Since the '70s UK-based Mikey Dread and his brother Jah T have operated the legendary Channel One sound system. Among their achievements are playing for 30 consecutive years at the Notting Hill Carnival, and taking their bass-heavy sounds to festivals all over the world. We caught up with Mikey to find out about his life in front of the speakers.
How did you get involved in sound systems?
"I've been into sound systems since I was in school, we've always had sound systems in the family, so that's how it came about: the old man used to have a sound system, and it basically passed down to me."
What are your first sound system memories?
"We used to have dances in our house years ago, late '60s, I would have been about five or six."
How old would you have been when you started helping out?
"I was about thirteen or fourteen"
And your dad taught you about the electronics and acoustic aspects of making speakers?

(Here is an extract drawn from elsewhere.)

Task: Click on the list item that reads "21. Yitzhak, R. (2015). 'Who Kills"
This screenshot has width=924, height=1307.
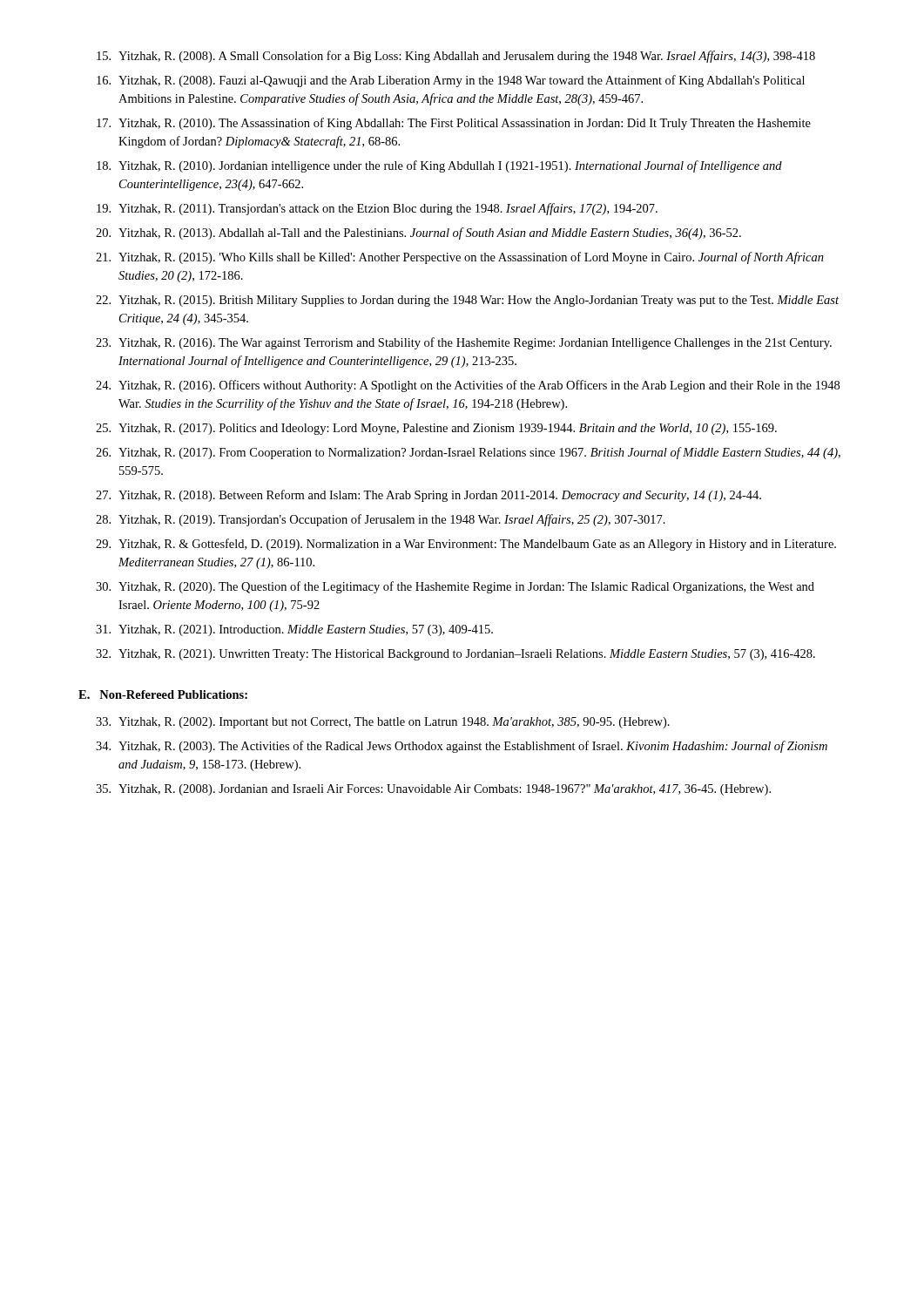Action: coord(462,267)

"We were always watching it because we'd see guys coming round fixing amplifiers in our living room from day one. So you know there were electronic wires and boxes all over the place!"
How do you go about designing a sound system?
"You get an idea on paper of what you really want. Before today's game you built it to a certain spec, building like four 18" speakers in one box, which we used to call quads, and double boxes and things like that.
"I've built double boxes, I've built quads, single boxes... so we just put them all together! So you had from your bottom end to your top boxes. Today it's more refined, you've got your bottom, you've got your high bass, low mids, high mids and right up to the tops, so you've got your full dynamical systems playing, all at the same time."
Do you decide on the crossover frequencies yourself? How much do you build from scratch?
"Most of my stuff is built from scratch, the people that build the preamps for me they roughly know the frequencies we want to crossover, and everything is in the preamp. So we don't need a mixer to do this, and a crossover to do this, and a crossfader to do this, and all kind of things going on... that's just too much for a sound system.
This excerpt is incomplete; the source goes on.